Chaleur humaine ('Human Warmth'), retitled Christine and the Queens in some English-speaking territories, is the debut studio album by the French pop singer Christine and the Queens. The album was re-released in 2015 with new songs and "Tilted" – the English version of "Christine" – served as a single.

==Background==
The album was first released in France as Chaleur humaine in June 2014. The album was released in United States on 16 October 2015 via Because Music as Christine and the Queens. For its American release, many the tracks were reworked with English lyrics and revamped beats by producer Ash Workman. Two tracks were replaced with three new songs. Two of the new songs are collaborations – "Jonathan" with Perfume Genius, and "No Harm Is Done" with rapper Tunji Ige. The American version was released in the UK in 2016 but reverted to its original French title.

==Composition==
On his verified Genius account, Letissier offers some insight on how some tracks were conceived. He describes the whole album as "a dream about adolescence" "Christine"/"Tilted" is about "trying to embrace this weirdness, awkwardness of yours, all those thoughts and details that make you feel like you don't belong."
"Saint Claude" is written in a stream of consciousness style, inspired by rappers like Kendrick Lamar that Letissier was listening to at the time.
"Science Fiction" is about a Seapunk girl named Stella "galaxy shorts" and the song is described as an LSD daydream about her. The lyric "paper cut humanoids" is a direct allusion to the animated series The Wild Planet. Letissier describes it as an italo disco inspired by Lovemachine by Supermax.
The percussion on "Here" was inspired by Phil Collins' "In the Air Tonight".
"Ugly-Pretty" takes inspiration "from certain harmonic sequences specific to operas and pieces of classical music" as well as Klaus Nomi and House music and the title itself was taken from Letissier watching American reality television programs like America's Next Top Model. The bridge features lyrics in French that refer to pornography and the idea of abstract sex not connected to emotions, and the theme of ugliness vs attractiveness at the same time.

==Critical reception==

The album has been given a Metacritic rating of 85 based on 11 reviews, indicating "universal acclaim". The album is featured on many end of year lists, including Rough Trade and NME.

Professional ratings
Aggregate scores
| Source | Rating |
| AnyDecentMusic? | 8.1/10 |
| Metacritic | 85/100 |
Review scores
| Source | Rating |
| AllMusic | Star |
| Billboard | Star |
| The Guardian | Star |
| The Irish Times | Star |
| Mojo | Star |
| The Observer | Star |
| Pitchfork | 8.0/10 |
| Q | Star |
| Spin | 8/10 |
| Uncut | 7/10 |

===Accolades===

| Publication | Accolade | Year | Rank | Ref. |
|---|---|---|---|---|
| The Guardian | Best Albums of 2016 | 2016 | 8 |  |
| The Independent | Best Albums of 2016 | 2016 | 20 |  |
| Mojo | The 50 Best Albums of 2016 | 2016 | 46 |  |
| NME | NME's Albums of the Year 2016 | 2016 | 3 |  |
| Rough Trade | Albums of the Year | 2016 | 16 |  |

==Commercial performance==
The album first entered the French chart at No. 6 on its release in June 2014, and peaked at No. 2 in February 2015. As of April 2018, the album had sold 650,000 units in this country. It also reached No. 1 on the Belgian Wallonia albums chart.

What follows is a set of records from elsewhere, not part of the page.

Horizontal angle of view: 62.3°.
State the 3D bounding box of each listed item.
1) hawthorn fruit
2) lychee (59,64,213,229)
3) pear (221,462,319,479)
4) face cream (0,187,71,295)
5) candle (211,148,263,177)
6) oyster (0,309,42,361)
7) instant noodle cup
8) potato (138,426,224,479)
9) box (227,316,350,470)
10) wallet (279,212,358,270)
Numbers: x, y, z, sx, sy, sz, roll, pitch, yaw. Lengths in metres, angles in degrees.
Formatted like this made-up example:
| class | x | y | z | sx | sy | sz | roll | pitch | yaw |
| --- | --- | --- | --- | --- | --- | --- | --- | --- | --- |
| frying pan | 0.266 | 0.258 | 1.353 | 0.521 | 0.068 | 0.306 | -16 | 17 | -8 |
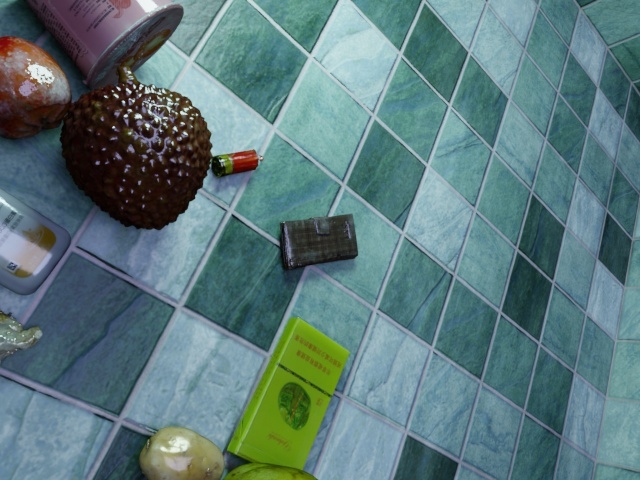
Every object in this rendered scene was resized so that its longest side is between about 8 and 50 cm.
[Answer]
| class | x | y | z | sx | sy | sz | roll | pitch | yaw |
| --- | --- | --- | --- | --- | --- | --- | --- | --- | --- |
| hawthorn fruit | -0.530 | -0.269 | 0.929 | 0.172 | 0.172 | 0.173 | 6 | 80 | -35 |
| lychee | -0.332 | -0.170 | 0.993 | 0.275 | 0.275 | 0.305 | -16 | 108 | -36 |
| pear | -0.088 | 0.584 | 1.071 | 0.321 | 0.269 | 0.269 | 49 | 59 | -28 |
| face cream | -0.590 | -0.034 | 0.909 | 0.291 | 0.071 | 0.144 | 41 | 62 | -24 |
| candle | -0.188 | -0.183 | 1.235 | 0.130 | 0.052 | 0.052 | -20 | 95 | -37 |
| oyster | -0.576 | 0.156 | 0.891 | 0.191 | 0.081 | 0.163 | -8 | 84 | -40 |
| instant noodle cup | -0.425 | -0.448 | 0.998 | 0.231 | 0.243 | 0.243 | 48 | 59 | -12 |
| potato | -0.270 | 0.441 | 1.054 | 0.178 | 0.109 | 0.119 | 39 | 41 | -32 |
| box | -0.064 | 0.372 | 1.251 | 0.187 | 0.047 | 0.335 | 38 | 63 | -26 |
| wallet | 0.000 | 0.000 | 1.351 | 0.230 | 0.042 | 0.124 | -8 | 91 | -36 |

The English version of the album was released in the UK on 26 February 2016, and first entered the UK Albums Chart at No. 132 the following week. It then re-entered at No. 8 in June 2016, just prior to Christine and the Queens performing a well-received concert at the Glastonbury Festival. It peaked at No. 2 on 29 July 2016. As of April 2018, the album had sold 220,000 units in the UK. The album debuted at No. 3 on the Irish Albums Chart in June 2016, before reaching No. 1 on 21 July 2016.

In 2016 it was awarded a platinum certification from the Independent Music Companies Association, which indicated sales of at least 400,000 copies+ throughout Europe.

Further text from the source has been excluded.